Hypoglycemia defined as symptoms suggestive of hypoglycemia or asymptomatic/symptomatic with plasma glucose <63 mg/dL.

AE, adverse event; MET, metformin; ND, not determined; SU, sulfonylurea; XR, extended release.

In data pooled from 12 randomized trials (12- to 24-week duration), more patients treated with dapagliflozin (2.5, 5, or 10 mg/d) had diagnosed cases of genital infections (4%–6%) than did patients receiving placebo (1%) [54]. Most cases were mild to moderate and responded to standard care. In these trials, percentages of patients reporting diagnosed cases of urinary tract infections were slightly higher with dapagliflozin (4%–6%) than with placebo (4%) [55]. Most cases were mild to moderate and did not recur during the trial duration or result in interruption or discontinuation of dapagliflozin therapy.

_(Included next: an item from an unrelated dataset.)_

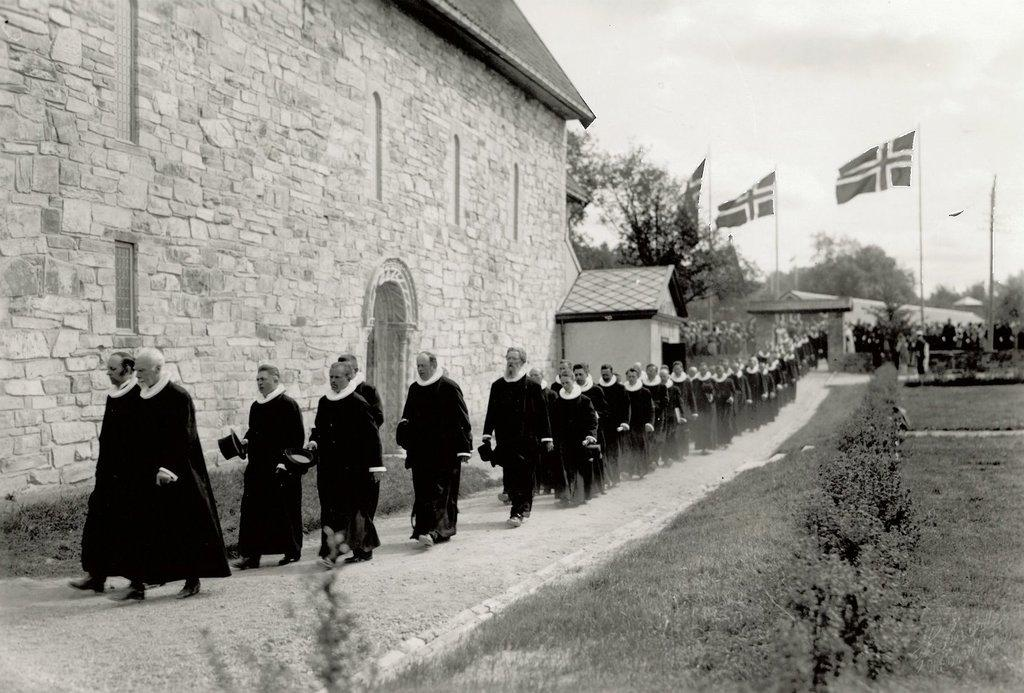What type of structures can be seen in the image? There are houses in the image. What additional objects are present in the image? There are flags, trees, people, plants, and grass in the image. Can you describe the natural elements in the image? There are trees, plants, and grass in the image. How many types of living organisms can be seen in the image? There are people and plants in the image. What type of bone can be seen in the image? There is no bone present in the image. How many mice are visible in the image? There are no mice present in the image.

Analyses of the eGFR from 12 placebo-controlled, randomized trials of ≤24 weeks and from five trials of ≤102 weeks found that the eGFR decreased at week 1, returned to baseline by week 24, and remained stable thereafter to week 102 in patients treated with dapagliflozin 5 or 10 mg/d [56]. It has been suggested that the acute reductions in eGFR with dapagliflozin may reflect reversible hemodynamic effects rather than permanent changes in renal function [16].

Events of hypoglycemia were infrequent and occurred at a similar rate with dapagliflozin as with placebo in the dapagliflozin monotherapy study [47], add-on to metformin studies [13,46], add-on to pioglitazone study [49], and add-on to sitagliptin study (Table 4) [49,57]. The proportion of patients reporting hypoglycemic episodes was higher when dapagliflozin was added to a sulfonylurea (7%–8% vs 5% with placebo) or insulin (54%–56% vs 52% with placebo) [48,50]. In the add-on to insulin study, the proportion of patients with a major hypoglycemic event was low and similar across placebo (1.0%) and dapagliflozin (0.9%–1.5%) groups. In the study in which dapagliflozin 10 mg/d was compared with glipizide as add-on therapy to metformin, the number of patients reporting hypoglycemic episodes was tenfold higher with glipizide (41%) than with dapagliflozin (4%) [40].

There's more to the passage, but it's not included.